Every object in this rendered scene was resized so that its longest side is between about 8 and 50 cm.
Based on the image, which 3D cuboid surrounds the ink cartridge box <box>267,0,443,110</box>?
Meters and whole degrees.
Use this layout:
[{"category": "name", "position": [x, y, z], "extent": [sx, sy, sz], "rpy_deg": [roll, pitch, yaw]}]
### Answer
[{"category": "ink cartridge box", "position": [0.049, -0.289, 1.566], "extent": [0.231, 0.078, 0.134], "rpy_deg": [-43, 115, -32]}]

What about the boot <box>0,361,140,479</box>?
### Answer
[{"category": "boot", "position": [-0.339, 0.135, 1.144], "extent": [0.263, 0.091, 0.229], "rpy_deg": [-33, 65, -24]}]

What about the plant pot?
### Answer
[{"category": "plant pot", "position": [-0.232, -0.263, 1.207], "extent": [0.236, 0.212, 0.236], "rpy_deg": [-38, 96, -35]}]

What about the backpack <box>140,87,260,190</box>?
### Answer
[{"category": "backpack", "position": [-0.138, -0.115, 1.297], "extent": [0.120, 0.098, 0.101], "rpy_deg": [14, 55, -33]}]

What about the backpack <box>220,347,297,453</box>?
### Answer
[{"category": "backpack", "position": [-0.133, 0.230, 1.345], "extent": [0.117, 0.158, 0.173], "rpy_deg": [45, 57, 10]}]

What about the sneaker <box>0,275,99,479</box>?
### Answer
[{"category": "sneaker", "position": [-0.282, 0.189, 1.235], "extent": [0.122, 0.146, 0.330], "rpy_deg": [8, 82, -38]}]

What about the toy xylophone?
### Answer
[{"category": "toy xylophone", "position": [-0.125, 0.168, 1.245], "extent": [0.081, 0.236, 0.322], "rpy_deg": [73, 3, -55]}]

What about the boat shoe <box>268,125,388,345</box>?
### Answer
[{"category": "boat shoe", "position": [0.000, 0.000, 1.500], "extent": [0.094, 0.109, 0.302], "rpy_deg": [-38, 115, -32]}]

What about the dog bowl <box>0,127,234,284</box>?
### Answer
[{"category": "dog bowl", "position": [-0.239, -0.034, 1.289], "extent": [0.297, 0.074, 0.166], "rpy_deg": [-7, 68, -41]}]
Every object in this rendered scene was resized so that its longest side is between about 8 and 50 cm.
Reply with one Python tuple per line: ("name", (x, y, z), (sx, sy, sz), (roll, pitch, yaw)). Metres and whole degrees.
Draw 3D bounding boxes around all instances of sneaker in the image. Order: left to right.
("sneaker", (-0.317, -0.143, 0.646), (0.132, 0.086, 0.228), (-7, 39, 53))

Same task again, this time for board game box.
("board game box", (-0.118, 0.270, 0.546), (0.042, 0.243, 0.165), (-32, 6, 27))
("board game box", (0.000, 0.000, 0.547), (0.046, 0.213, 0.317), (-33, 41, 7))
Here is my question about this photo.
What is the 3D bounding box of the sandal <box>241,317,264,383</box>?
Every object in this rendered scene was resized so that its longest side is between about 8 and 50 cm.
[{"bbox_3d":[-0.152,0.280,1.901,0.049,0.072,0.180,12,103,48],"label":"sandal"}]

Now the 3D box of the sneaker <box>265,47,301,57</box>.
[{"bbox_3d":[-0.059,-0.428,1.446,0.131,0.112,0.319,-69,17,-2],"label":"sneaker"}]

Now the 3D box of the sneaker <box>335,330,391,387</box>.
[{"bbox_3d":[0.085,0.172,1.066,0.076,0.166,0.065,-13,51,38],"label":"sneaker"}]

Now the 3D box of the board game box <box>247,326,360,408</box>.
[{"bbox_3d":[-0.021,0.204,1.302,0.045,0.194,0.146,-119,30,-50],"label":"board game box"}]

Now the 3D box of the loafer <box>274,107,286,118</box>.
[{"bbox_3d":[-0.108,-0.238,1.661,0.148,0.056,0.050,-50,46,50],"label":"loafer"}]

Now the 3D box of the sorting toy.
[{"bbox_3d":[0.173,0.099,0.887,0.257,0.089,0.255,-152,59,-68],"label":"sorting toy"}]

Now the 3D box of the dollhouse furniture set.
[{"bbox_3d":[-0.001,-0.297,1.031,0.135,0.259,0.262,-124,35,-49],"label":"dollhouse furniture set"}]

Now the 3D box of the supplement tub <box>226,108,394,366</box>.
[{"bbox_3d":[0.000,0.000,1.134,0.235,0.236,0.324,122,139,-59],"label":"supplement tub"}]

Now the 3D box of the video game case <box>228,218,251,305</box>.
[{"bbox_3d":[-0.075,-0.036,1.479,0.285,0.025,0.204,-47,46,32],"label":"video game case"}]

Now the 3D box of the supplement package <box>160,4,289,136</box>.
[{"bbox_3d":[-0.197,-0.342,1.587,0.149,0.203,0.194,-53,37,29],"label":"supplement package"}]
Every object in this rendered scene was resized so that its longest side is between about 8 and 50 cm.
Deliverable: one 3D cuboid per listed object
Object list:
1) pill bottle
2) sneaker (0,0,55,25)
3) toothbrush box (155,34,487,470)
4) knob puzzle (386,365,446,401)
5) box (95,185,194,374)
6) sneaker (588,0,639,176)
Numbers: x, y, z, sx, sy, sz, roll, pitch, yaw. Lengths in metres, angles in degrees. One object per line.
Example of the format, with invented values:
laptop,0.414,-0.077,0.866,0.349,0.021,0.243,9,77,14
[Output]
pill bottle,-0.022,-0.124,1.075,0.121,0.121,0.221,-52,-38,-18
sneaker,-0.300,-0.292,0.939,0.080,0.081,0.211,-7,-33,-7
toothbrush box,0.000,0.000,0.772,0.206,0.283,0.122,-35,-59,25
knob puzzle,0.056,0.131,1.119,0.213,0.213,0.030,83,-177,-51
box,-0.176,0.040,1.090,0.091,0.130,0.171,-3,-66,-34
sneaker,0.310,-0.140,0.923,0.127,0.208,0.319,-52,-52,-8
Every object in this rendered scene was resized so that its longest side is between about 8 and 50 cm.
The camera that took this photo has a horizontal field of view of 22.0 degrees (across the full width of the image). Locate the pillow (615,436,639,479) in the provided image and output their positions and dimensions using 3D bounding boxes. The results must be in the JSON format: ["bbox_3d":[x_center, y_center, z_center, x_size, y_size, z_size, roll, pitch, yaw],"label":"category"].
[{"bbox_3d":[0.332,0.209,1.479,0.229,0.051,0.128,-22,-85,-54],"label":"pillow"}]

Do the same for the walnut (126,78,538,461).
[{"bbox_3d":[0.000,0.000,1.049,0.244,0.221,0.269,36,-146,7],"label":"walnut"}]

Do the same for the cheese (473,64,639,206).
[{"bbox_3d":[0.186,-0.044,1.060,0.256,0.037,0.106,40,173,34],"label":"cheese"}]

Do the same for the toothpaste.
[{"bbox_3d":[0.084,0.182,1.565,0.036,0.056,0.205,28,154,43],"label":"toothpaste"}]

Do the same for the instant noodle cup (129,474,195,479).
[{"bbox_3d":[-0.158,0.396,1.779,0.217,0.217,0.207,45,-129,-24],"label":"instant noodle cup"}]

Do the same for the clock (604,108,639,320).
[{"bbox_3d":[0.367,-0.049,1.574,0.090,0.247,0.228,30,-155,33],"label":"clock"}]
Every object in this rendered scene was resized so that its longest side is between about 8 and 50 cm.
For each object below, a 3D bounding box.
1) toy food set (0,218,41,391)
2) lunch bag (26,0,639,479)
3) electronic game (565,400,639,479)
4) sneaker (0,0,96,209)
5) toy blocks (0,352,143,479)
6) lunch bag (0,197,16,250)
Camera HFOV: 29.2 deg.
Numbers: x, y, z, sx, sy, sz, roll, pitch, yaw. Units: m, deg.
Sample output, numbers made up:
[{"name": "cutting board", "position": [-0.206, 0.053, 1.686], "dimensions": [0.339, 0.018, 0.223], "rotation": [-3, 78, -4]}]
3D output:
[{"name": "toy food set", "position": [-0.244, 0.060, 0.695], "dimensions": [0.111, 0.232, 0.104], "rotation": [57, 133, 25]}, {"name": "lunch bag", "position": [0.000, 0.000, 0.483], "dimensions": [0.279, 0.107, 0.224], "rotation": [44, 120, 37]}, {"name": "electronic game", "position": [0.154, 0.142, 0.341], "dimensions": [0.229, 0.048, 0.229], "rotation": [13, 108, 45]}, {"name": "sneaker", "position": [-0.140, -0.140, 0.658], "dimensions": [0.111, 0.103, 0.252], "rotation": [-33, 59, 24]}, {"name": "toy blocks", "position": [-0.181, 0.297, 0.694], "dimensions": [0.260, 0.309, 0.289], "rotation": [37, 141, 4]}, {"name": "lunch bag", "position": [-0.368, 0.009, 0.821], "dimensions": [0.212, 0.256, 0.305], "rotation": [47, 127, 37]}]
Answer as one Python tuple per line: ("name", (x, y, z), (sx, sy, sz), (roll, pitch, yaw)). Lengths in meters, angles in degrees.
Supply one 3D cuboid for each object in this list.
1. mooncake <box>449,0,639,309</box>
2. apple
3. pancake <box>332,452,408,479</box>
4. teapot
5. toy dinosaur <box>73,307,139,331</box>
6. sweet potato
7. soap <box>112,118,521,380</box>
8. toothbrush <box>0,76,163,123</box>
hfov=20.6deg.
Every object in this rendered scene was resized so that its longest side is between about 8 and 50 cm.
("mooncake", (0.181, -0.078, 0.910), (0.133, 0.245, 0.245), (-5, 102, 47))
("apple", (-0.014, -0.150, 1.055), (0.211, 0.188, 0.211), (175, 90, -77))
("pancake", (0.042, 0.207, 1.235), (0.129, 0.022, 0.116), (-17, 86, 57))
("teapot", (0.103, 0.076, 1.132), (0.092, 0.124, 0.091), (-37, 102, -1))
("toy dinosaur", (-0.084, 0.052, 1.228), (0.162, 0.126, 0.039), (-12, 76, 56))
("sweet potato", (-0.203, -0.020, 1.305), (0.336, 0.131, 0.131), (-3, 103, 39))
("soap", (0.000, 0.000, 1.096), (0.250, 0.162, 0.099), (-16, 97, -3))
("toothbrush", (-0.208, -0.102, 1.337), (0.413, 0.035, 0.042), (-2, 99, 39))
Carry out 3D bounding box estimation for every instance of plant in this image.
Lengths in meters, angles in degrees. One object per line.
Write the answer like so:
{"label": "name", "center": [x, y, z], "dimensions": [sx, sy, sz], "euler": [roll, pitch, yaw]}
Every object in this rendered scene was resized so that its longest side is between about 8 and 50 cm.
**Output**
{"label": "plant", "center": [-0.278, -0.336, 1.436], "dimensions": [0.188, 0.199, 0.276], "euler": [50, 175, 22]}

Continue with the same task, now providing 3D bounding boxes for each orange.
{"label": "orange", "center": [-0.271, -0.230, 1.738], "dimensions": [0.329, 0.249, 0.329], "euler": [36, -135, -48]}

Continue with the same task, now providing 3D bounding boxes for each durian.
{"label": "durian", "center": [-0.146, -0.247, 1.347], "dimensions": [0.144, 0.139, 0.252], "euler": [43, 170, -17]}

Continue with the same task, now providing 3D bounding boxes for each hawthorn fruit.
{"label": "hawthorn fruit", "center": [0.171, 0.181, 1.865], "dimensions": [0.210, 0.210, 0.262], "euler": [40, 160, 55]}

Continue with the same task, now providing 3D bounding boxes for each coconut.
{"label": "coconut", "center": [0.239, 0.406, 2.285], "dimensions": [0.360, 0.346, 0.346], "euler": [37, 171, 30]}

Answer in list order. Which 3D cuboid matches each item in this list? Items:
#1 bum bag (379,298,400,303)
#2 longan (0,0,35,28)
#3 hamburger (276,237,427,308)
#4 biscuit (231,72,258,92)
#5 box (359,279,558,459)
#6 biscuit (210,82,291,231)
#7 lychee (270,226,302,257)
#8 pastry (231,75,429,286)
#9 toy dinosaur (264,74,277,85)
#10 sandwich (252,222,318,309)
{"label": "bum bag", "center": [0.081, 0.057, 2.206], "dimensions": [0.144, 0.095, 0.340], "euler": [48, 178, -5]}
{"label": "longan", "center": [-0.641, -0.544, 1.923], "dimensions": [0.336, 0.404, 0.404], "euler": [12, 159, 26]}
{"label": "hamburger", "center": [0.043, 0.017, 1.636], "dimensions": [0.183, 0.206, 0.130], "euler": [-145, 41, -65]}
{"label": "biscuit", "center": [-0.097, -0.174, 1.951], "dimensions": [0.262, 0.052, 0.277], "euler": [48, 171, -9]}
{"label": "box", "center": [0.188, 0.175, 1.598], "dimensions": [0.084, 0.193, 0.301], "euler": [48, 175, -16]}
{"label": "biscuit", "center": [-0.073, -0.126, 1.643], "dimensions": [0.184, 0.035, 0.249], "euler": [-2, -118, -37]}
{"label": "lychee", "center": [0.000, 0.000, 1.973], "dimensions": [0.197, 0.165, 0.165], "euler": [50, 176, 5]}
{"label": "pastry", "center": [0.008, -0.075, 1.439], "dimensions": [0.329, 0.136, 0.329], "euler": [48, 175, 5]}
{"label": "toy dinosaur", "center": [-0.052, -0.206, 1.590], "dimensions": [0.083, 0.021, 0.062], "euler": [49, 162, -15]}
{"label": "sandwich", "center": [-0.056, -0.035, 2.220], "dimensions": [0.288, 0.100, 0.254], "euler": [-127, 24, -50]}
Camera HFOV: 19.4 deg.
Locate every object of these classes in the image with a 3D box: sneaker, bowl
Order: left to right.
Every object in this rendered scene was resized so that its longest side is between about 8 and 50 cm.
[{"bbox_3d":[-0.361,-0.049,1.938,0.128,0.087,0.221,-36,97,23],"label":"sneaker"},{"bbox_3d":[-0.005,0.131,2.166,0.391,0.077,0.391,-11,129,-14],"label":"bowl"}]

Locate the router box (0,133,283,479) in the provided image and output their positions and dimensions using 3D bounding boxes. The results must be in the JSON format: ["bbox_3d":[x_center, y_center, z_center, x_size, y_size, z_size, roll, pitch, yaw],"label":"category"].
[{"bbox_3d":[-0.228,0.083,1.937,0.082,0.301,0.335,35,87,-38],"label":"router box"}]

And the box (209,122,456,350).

THE TASK - Would you output the lines from the one that contains "Camera HFOV: 19.4 deg." to the end of the data, both ends included, exactly as they appear?

TASK SOLUTION -
Camera HFOV: 19.4 deg.
Locate every object of these classes in the image with a 3D box: sneaker, bowl
Order: left to right.
Every object in this rendered scene was resized so that its longest side is between about 8 and 50 cm.
[{"bbox_3d":[-0.361,-0.049,1.938,0.128,0.087,0.221,-36,97,23],"label":"sneaker"},{"bbox_3d":[-0.005,0.131,2.166,0.391,0.077,0.391,-11,129,-14],"label":"bowl"}]

Locate the router box (0,133,283,479) in the provided image and output their positions and dimensions using 3D bounding boxes. The results must be in the JSON format: ["bbox_3d":[x_center, y_center, z_center, x_size, y_size, z_size, roll, pitch, yaw],"label":"category"].
[{"bbox_3d":[-0.228,0.083,1.937,0.082,0.301,0.335,35,87,-38],"label":"router box"}]

And the box (209,122,456,350).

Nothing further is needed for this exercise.